A Glimmer of Hope for you Disgruntled 1Ls

Most of my grades are now in, and things are looking quite a bit brighter than they did at this time last year, to say the least. The main differences:

I learned how to study.
I learned how to write exams.
I'm no longer being graded against my 1L section (which, unlike the rest of the sections, was half composed of law review members).
Two of my classes had 3Ls as well, who apparently no longer care about exams.

I would like to point out to some of you 1Ls who may be disappointed with your grades that the first ever law school grade I received was a (and thankfully my only) C, at which point I began contemplating downing a large antifreeze martini. However, the grades got better as more came in, and second semester I raised my overall GPA two full points (on a scale of 99, not 4.0) to a respectable level. This semester I raised it even more and my class ranking is absurdly higher from the frustrating level at which I started out.

The point is that all the people who tell you your first semester grades "lock you in" to your class ranking for the remainder of law school are WRONG. That's ludicrous--it's ONE semester out of six--you do the math. I raised my ranking nearly 40% (and no more Cs). Law school exams are a learning experience, and it takes a round or two for some folks to get in their groove. Keep your head up!!

Stop posting grades for classes other than mine

Waiting.... waaaaiiiiiiting....

THIS JUST IN--

drinking rum and watching football is more fun than studying for finals.


We'll have more news on this breaking story as it develops.

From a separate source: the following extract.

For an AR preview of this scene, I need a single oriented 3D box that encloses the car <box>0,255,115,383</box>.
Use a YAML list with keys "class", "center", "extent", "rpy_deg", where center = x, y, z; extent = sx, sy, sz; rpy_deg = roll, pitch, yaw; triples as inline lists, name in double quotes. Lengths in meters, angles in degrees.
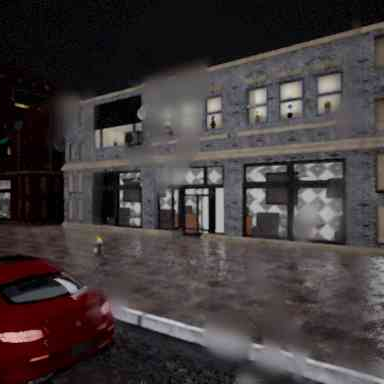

A limerick from the empty caverns of my mind

Ten days with no classes--gadzooks!
Now the student can make his grades higher;
But instead of outlining and minding the books,
He spent most of it watching The Wire:


Aha!

I finally realized today that the whole "thinking like a lawyer" thing is really just law school orientation jargon for "using a balancing test to justify whatever conclusion you want." My first year my head was so focused on getting the issues, facts, and holdings of every case that I failed to recognize--until now--that balancing tests control the world. In just a shade under three semesters too!

Balancing tests are also a great tactic for a court to use when it already knows what it wants to do (because of the majority's own personal beliefs), but can't think of a legitimate legal justification for doing so. Just throw two parts competing interests on the scale, garnish it with two parts policy rationale, and viola--you've just created a legally sound balancing test to suit your desired result! One of my professors accurately calls this process (esp. in the context of S. Ct. constitutional decisions) "balacing your rights away."

In other news, the interview process is winding down, and I've had a decent run of it so far. Nothing in stone for the summer yet, but a couple of promising things on the horizon. And here's a little gem to give hope to some of you fellow non-top 20%-ers... I was talking to a friend the other day who is on law review, and she has not had a single callback, while several other folks not even in the top half have gotten multiple callbacks, and even offers, from some of the same firms with which she interviewed. Exact same thing w/ a dude I also know on LR. Thus, the dictum seems to have a little truth to it--great grades and LR will of course land you more interviews, but once it's interview time, attitude and personality, not grades, win the day.

MORON OF THE WEEK (month?)

Last but not least, there's a grumpy old somewhat obese, bulbous man who I see in the gym every day "walking" around the track. "Good for him," right? Well, maybe, if he didn't move as fast as an inbred paraplegic sloth. But that's not even what bothers me; the real fuck of it is he always has one of those motherfucking wireless cell phone ear pieces in and holds extremely loud, angry sounding conversations during the entire duration of these"workouts." I'm a firm believer in the fact that if you're talking on the phone, you aren't fucking exercising. And while I'm at it, who the hell are you to shoot me dirty looks just for living? I'm not the one making your exercise attmpts completely and utterly futile. Plus I think he's actually getting fatter. I wouldn't be at all surprised if he shows up one of these days with a TV tray strapped around his chest slurping up a can of Crisco.

But I digress...

Surrounded by idiots

Text to criminal procedure classmate: Better think twice about eating a french fry on the DC subway if you're a 12-year old girl. The Supreme Court will let them lock your ass up

Response: Thurgood Marshall must have just banged his head against the wall for hours every day after work

Interview Douche

Interview season is upon us, and with it the golden opportunity for conceited douchebags aplenty to sign up for every single firm that comes to campus--even ones they have no intention of joining if selected--solely because it will give them increased chances to wear a suit to school and thereby tell everybody "hey, guess what... yeah, that's right... I'm interviewing today."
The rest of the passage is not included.